I called Atkins. The rep advised me to cut down on meat. “At Atkins, we say, ‘Don’t count calories, but calories do count.’” The book had said, “Eat to your heart’s content” of the approved foods.

YMMV, but it was not a sustainable diet for me.

That is wrong. Since you’re linking to other info, you can read this:

Jason Fung is a quack.

FWIW, I’ve lost 55 pounds (so far) on a low-carb diet (plus exercise).

I did provide a tl;dr version in addition to linking to other info instead of saying “wrong, read these 4 pages”. Would you have the same courtesy?

No, you didn’t. You linked to a 36 minute video and said shorter version are on YouTube.

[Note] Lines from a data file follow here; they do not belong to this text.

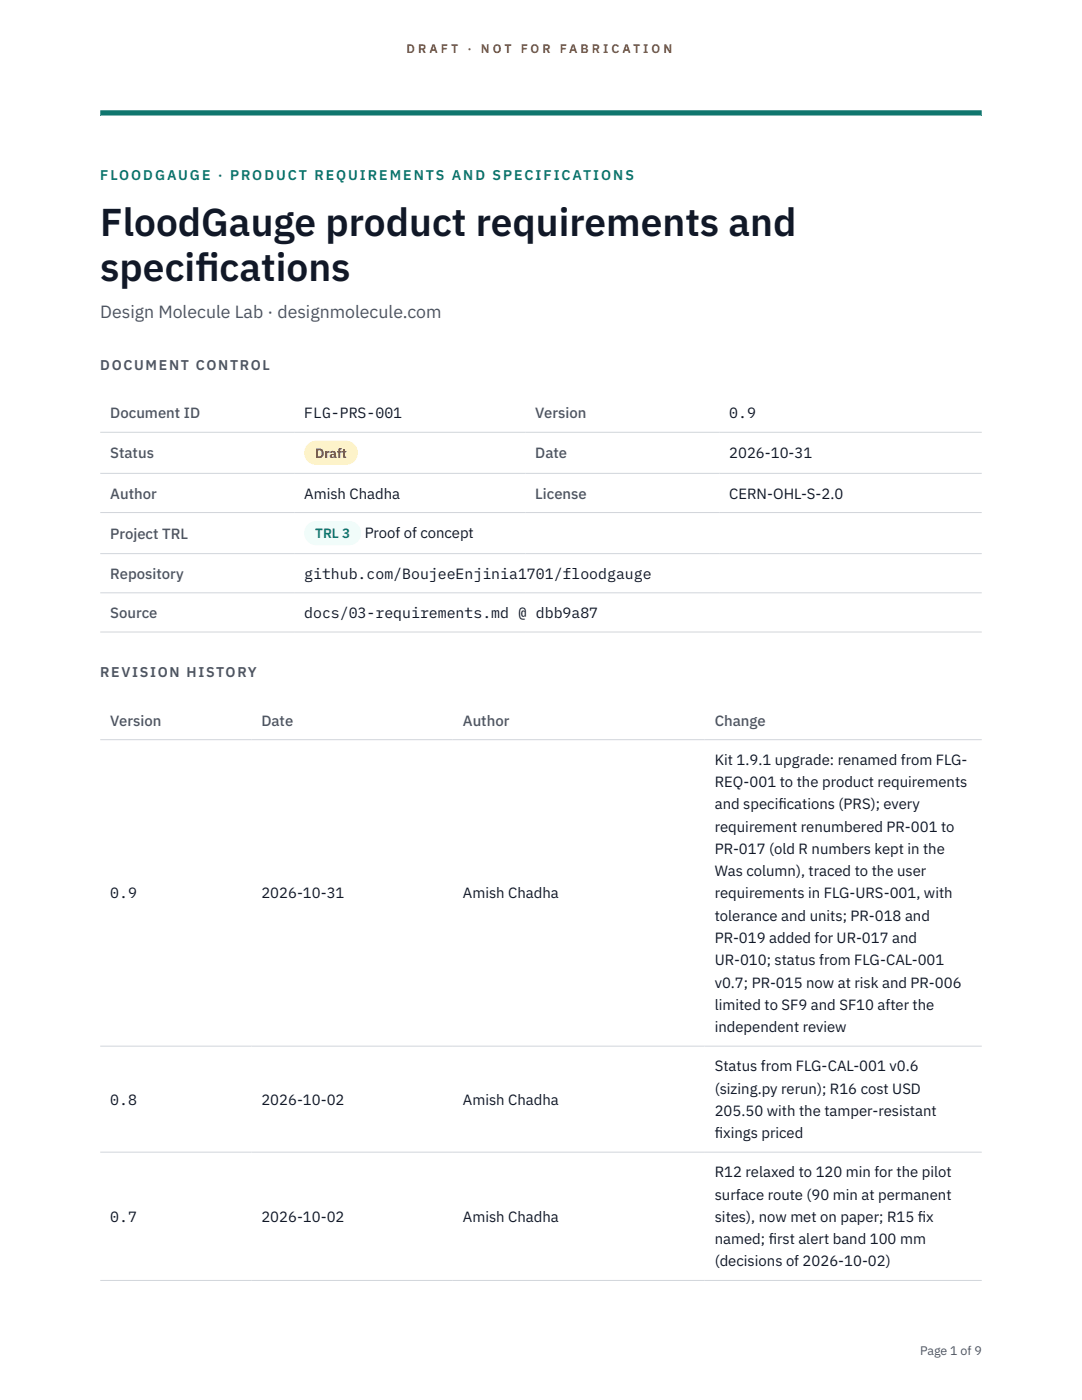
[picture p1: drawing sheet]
<svg xmlns="http://www.w3.org/2000/svg" width="216mm" height="279mm" viewBox="0 0 216 279" stroke-linecap="round" stroke-linejoin="round" font-family="sans-serif">
<defs><g id="words">
<g font-size="7.8" fill="#111827">
<text x="20" y="47.1">FloodGauge product requirements and</text>
<text x="20" y="56">specif</text>
<text x="39" y="56">ications</text>
</g>
<text font-size="3.5" fill="#4b5563" x="20" y="63.5">Design Molecule Lab · designmolecule.com</text>
<g font-size="3" fill="#4b5563">
<text x="22" y="83.5">Document ID</text>
<text x="106.8" y="83.5">Version</text>
<text x="22" y="91.5">Status</text>
<text x="106.8" y="91.5">Date</text>
<text x="22" y="99.5">Author</text>
<text x="106.8" y="99.5">License</text>
<text x="22" y="107.5">Project TRL</text>
<text x="22" y="115.5">Repository</text>
<text x="22" y="123.3">Source</text>
<text x="22" y="144.8">Version</text>
<text x="52.2" y="144.8">Date</text>
<text x="92.4" y="144.8">Author</text>
<text x="142.6" y="144.8">Change</text>
</g>
<g font-size="3" fill="#111827">
<text x="60.7" y="83.5">FLG-PRS-001</text>
<text x="145.5" y="83.5">0.9</text>
<text x="145.5" y="91.5">2026-10-31</text>
<text x="60.7" y="99.5">Amish Chadha</text>
<text x="145.5" y="99.5">CERN-OHL-S-2.0</text>
<text x="72.8" y="107.4">Proof of concept</text>
<text x="60.7" y="115.5">github.com/BoujeeEnjinia1701/floodgauge</text>
<text x="60.7" y="123.3">docs/03-requirements.md @ dbb9a87</text>
<text x="142.6" y="152.6">Kit 1.9.1 upgrade: renamed from FLG-</text>
<text x="142.6" y="157.1">REQ-001 to the product requirements</text>
<text x="142.6" y="161.5">and specif</text>
<text x="155.3" y="161.5">ications (PRS); every</text>
<text x="142.6" y="166">requirement renumbered PR-001 to</text>
<text x="142.6" y="170.4">PR-017 (old R numbers kept in the</text>
<text x="22" y="179.3">0.9</text>
<text x="52.2" y="179.3">2026-10-31</text>
<text x="92.4" y="179.3">Amish Chadha</text>
<text x="142.6" y="174.9">Was column), traced to the user</text>
<text x="142.6" y="179.3">requirements in FLG-URS-001, with</text>
<text x="142.6" y="183.8">tolerance and units; PR-018 and</text>
<text x="142.6" y="188.2">PR-019 added for UR-017 and</text>
<text x="142.6" y="192.6">UR-010; status from FLG-CAL-001</text>
<text x="142.6" y="197.1">v0.7; PR-015 now at risk and PR-006</text>
<text x="142.6" y="201.5">limited to SF9 and SF10 after the</text>
<text x="142.6" y="206">independent review</text>
<text x="142.6" y="213.8">Status from FLG-CAL-001 v0.6</text>
<text x="22" y="220.5">0.8</text>
<text x="52.2" y="220.5">2026-10-02</text>
<text x="92.4" y="220.5">Amish Chadha</text>
<text x="142.6" y="218.2">(sizing.py rerun); R16 cost USD</text>
<text x="142.6" y="222.7">205.50 with the tamper-resistant</text>
<text x="142.6" y="227.1">f</text>
<text x="142.6" y="227.1">ixings priced</text>
<text x="142.6" y="235">R12 relaxed to 120 min for the pilot</text>
<text x="142.6" y="239.4">surface route (90 min at permanent</text>
<text x="22" y="243.9">0.7</text>
<text x="52.2" y="243.9">2026-10-02</text>
<text x="92.4" y="243.9">Amish Chadha</text>
<text x="142.6" y="243.9">sites), now met on paper; R15 f</text>
<text x="183.1" y="243.9">ix</text>
<text x="142.6" y="248.3">named; f</text>
<text x="153.4" y="248.3">irst alert band 100 mm</text>
<text x="142.6" y="252.7">(decisions of 2026-10-02)</text>
</g>
<text font-size="2.8" fill="#0f766e" x="20" y="36">FLOODGAUGE · PRODUCT REQUIREMENTS AND SPECIFICATIONS</text>
<g font-size="2.8" fill="#4b5563">
<text x="20" y="73.8">DOCUMENT CONTROL</text>
<text x="20" y="135.1">REVISION HISTORY</text>
</g>
<text font-size="2.7" fill="#92400e" x="62.9" y="91.4">Draft</text>
<text font-size="2.7" fill="#0f766e" x="62.9" y="107.4">TRL 3</text>
<g font-size="2.5" fill="#b45309">
<text x="81.1" y="10.5">D R A F T</text>
<text x="93.3" y="10.5">·</text>
<text x="95.9" y="10.5">N O T</text>
<text x="103.9" y="10.5">F O R</text>
<text x="111.7" y="10.5">F A B R I C A T I O N</text>
</g>
<text font-size="2.5" fill="#4b5563" x="183.6" y="270.3">Page 1 of 9</text>
</g></defs>
<path d="M20 23.1h175.9zM20 22h175.9v1.1h-175.9z" fill-rule="evenodd" fill="#0f766e"/>
<path d="M20 86.3h175.9M20 94.5h175.9M20 102.3h175.9M20 110.5h175.9M20 118.3h175.9M20 126.1h175.9M20 147.6h175.9M20 208.8h175.9M20 229.9h175.9M20 255.5h175.9" fill="none" stroke="#d1d5db" stroke-width=".2"/>
<path d="M60.7 88h10.7v4.8h-10.7z" fill="#fef3c7"/>
<path d="M60.7 104h11.4v4.8h-11.4z" fill="#f0fdfa"/>
<use href="#words"/>
</svg>

You don’t have to read 4 pages, but they are informative and written by someone with a Master’s degree in Nutrition and a second Master’s degree in Exercise Science and is highly respected among his peers in the world of nutrition such as Brad Schoenfeld and Alan Aragon. He has co-authored several peer-reviewed, journal published studies in the field of nutrition. Sorry I’m not being “courteous” enough to tell you to Google for condensed versions.


All of what I’ve said may be inaccurate and Fung may indeed be a quack. I guess I’ll know when I have enough time to read 4 links without much indication of what’s in them.

I remember eating 6 donuts which was about 2000 calories. I can’t imagine eating 2000 calories of steak without feeling nauseous.

Going low sugar for a while, I realized that what I thought of as hunger wasn’t really hunger, it was sugar craving. Refined sugar should be conceived of in much the same way as alcohol; Something you have once in a while for fun or as flavor enhancement but terrible as a habit.

Vegetables and fruits do contain sugar but the fiber they contain slows down the absorption of sugar, thus not spiking insulin.

The unfortunate thing is that realizing the benefits of low/no sugar requires going through sugar withdrawal which is difficult not to give in to given how tempting and readily available it is.

While we’re still in GQ, I feel that it’s important to stress again that, in a pretty good scientific study (referenced in the NY Times link above), low carb and low fat were both pretty equal in terms of losing weight. The best diet is the one you can stick to, so if you’re better with a low carb diet, do that.

However, just counting and minimizing carbs without any thought to calories (eating a bag of pork rinds, for example) is probably not going to lead to weight loss.

These anecdotes are interesting, but seem better suited to IMHO, although that’s of course up to a moderator.

However, I would like to see a real scientific cite that “sugar withdrawal” is a real thing.

You really should read those links before posting.